- WHAT YOU SHOULD DO: Return each line below exactly as it reads, and omit any image in it.

*** Block opens ***

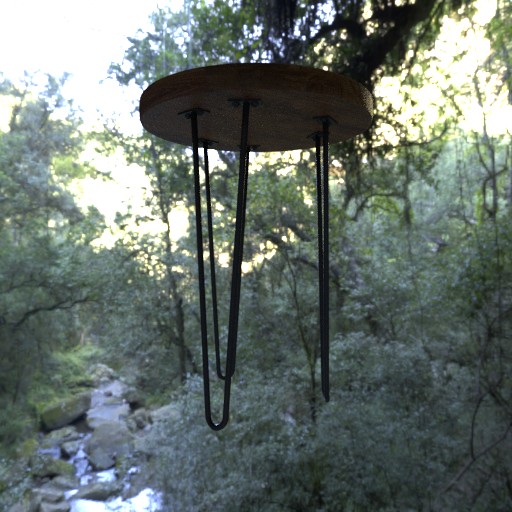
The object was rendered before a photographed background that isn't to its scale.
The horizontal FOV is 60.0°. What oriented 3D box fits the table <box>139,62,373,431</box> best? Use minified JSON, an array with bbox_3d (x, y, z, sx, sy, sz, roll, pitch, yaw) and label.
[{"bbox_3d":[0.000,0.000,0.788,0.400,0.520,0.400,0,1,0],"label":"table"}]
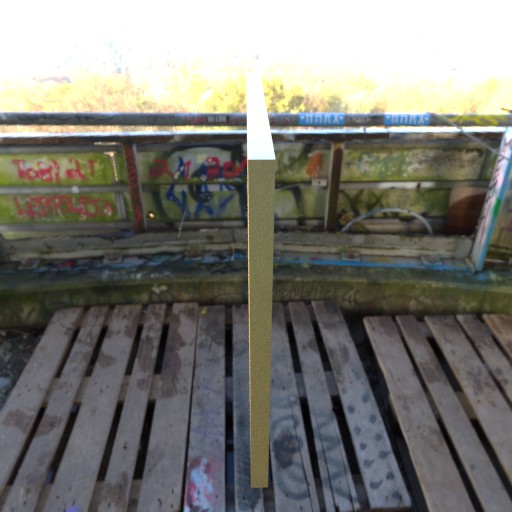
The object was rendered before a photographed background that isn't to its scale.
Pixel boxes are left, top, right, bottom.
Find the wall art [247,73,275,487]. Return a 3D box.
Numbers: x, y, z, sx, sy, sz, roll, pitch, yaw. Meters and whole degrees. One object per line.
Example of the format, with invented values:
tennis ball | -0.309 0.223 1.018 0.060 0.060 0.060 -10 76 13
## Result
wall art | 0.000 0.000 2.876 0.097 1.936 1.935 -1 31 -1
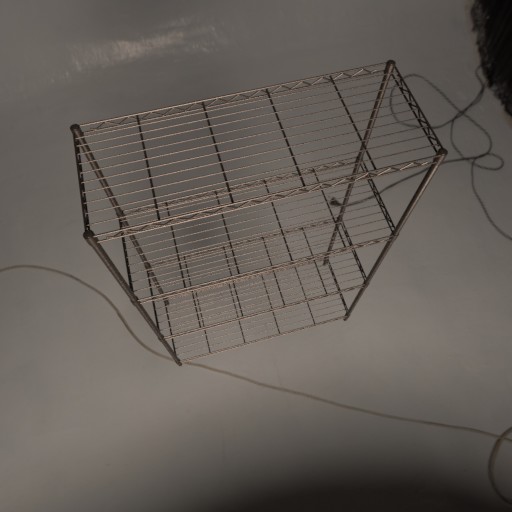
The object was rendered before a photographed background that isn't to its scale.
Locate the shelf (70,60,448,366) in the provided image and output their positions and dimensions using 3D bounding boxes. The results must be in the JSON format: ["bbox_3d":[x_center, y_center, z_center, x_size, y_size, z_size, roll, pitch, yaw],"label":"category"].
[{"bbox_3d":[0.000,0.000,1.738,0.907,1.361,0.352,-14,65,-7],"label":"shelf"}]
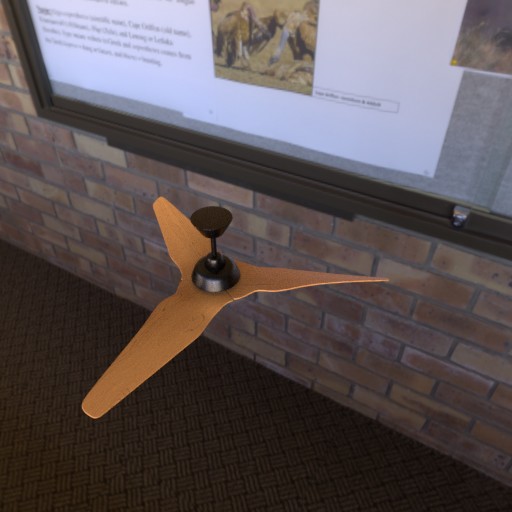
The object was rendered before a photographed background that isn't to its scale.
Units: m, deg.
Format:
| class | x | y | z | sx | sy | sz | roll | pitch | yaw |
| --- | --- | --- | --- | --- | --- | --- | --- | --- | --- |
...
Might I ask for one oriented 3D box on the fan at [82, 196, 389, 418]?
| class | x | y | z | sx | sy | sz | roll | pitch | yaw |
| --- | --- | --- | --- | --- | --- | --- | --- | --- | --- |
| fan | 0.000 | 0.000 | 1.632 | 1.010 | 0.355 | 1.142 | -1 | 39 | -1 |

*** Block closes ***

- OUTPUT FOR THIS TASK:
The object was rendered before a photographed background that isn't to its scale.
The horizontal FOV is 60.0°. What oriented 3D box fits the table <box>139,62,373,431</box> best? Use minified JSON, an array with bbox_3d (x, y, z, sx, sy, sz, roll, pitch, yaw) and label.
[{"bbox_3d":[0.000,0.000,0.788,0.400,0.520,0.400,0,1,0],"label":"table"}]
The object was rendered before a photographed background that isn't to its scale.
Pixel boxes are left, top, right, bottom.
Find the wall art [247,73,275,487]. Return a 3D box.
Numbers: x, y, z, sx, sy, sz, roll, pitch, yaw. Meters and whole degrees. One object per line.
Example of the format, with invented values:
tennis ball | -0.309 0.223 1.018 0.060 0.060 0.060 -10 76 13
## Result
wall art | 0.000 0.000 2.876 0.097 1.936 1.935 -1 31 -1
The object was rendered before a photographed background that isn't to its scale.
Locate the shelf (70,60,448,366) in the provided image and output their positions and dimensions using 3D bounding boxes. The results must be in the JSON format: ["bbox_3d":[x_center, y_center, z_center, x_size, y_size, z_size, roll, pitch, yaw],"label":"category"].
[{"bbox_3d":[0.000,0.000,1.738,0.907,1.361,0.352,-14,65,-7],"label":"shelf"}]
The object was rendered before a photographed background that isn't to its scale.
Units: m, deg.
Format:
| class | x | y | z | sx | sy | sz | roll | pitch | yaw |
| --- | --- | --- | --- | --- | --- | --- | --- | --- | --- |
...
Might I ask for one oriented 3D box on the fan at [82, 196, 389, 418]?
| class | x | y | z | sx | sy | sz | roll | pitch | yaw |
| --- | --- | --- | --- | --- | --- | --- | --- | --- | --- |
| fan | 0.000 | 0.000 | 1.632 | 1.010 | 0.355 | 1.142 | -1 | 39 | -1 |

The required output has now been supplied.